* **WORK TO COMPLETE**: Below are records; the lines starting at the one with "Answer: October 15, 2023" and ending at the one with "choice customers<fcel>NYPA Municipal" must be reproduced exactly, both included. Pictures must not appear.

* **THE DATA**:
#####

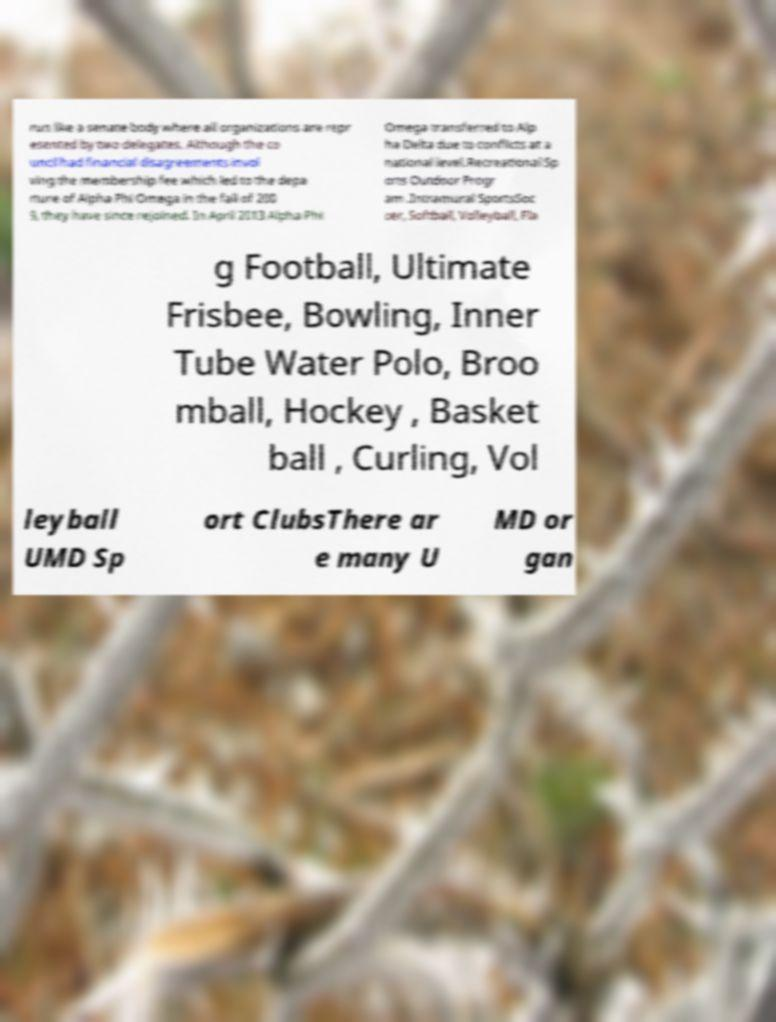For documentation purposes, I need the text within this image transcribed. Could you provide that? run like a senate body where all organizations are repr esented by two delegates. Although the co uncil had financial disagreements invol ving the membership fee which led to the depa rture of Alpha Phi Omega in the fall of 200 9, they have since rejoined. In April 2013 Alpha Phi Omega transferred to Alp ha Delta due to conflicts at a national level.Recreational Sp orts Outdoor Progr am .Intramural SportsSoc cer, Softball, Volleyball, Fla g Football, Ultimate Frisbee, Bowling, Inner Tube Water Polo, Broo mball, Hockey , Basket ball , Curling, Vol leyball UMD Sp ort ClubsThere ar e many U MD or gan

#####

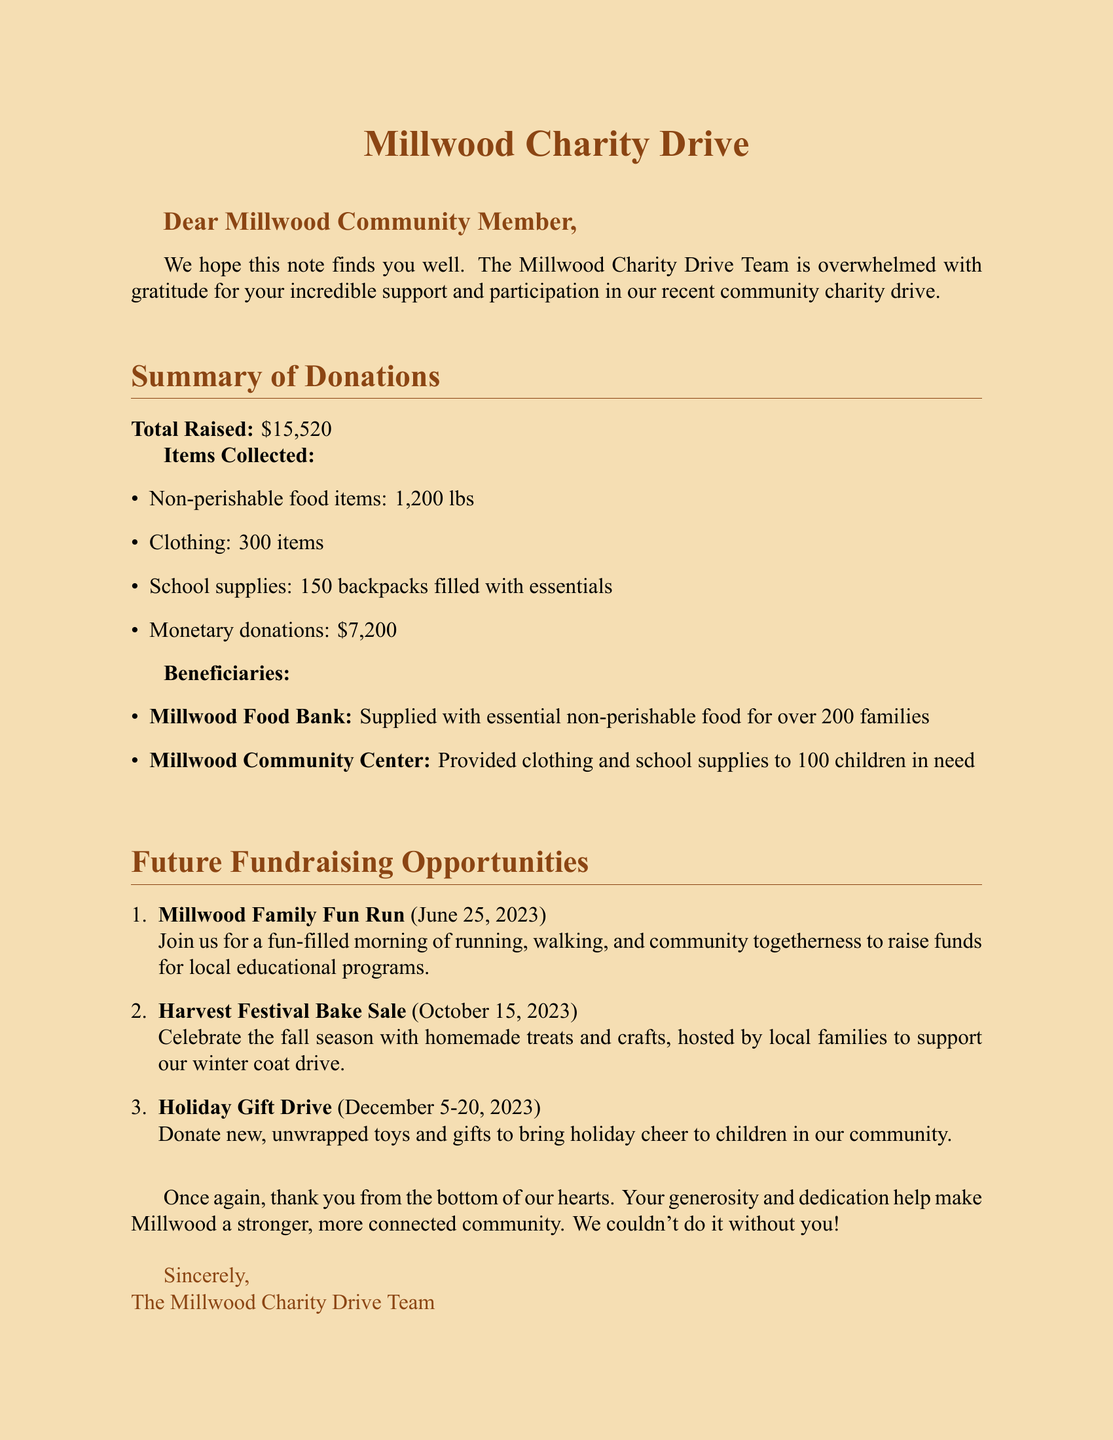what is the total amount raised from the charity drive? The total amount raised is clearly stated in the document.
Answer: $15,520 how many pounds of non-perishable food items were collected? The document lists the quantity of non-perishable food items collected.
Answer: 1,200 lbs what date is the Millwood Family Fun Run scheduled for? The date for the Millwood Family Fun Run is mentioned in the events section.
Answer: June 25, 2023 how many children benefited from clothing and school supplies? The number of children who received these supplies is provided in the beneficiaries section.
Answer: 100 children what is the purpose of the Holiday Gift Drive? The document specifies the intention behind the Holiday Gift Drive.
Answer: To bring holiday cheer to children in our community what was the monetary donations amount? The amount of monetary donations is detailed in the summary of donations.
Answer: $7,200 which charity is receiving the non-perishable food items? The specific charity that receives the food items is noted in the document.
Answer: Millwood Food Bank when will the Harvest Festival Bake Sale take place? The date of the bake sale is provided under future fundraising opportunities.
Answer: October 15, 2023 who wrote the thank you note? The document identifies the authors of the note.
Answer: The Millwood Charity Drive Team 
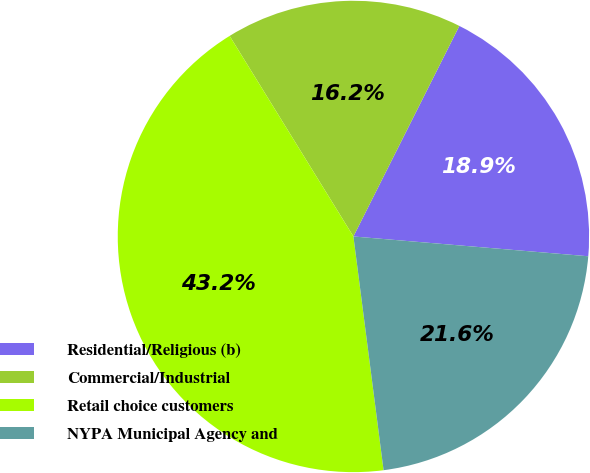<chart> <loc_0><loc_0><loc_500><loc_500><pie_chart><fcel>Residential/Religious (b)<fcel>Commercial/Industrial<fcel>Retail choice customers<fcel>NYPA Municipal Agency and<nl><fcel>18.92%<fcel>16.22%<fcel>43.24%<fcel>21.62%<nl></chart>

#####

* **COMPLETED EXERCISE**:
Answer: October 15, 2023 who wrote the thank you note? The document identifies the authors of the note.
Answer: The Millwood Charity Drive Team 
<chart> <loc_0><loc_0><loc_500><loc_500><pie_chart><fcel>Residential/Religious (b)<fcel>Commercial/Industrial<fcel>Retail choice customers<fcel>NYPA Municipal Agency and<nl><fcel>18.92%<fcel>16.22%<fcel>43.24%<fcel>21.62%<nl></chart>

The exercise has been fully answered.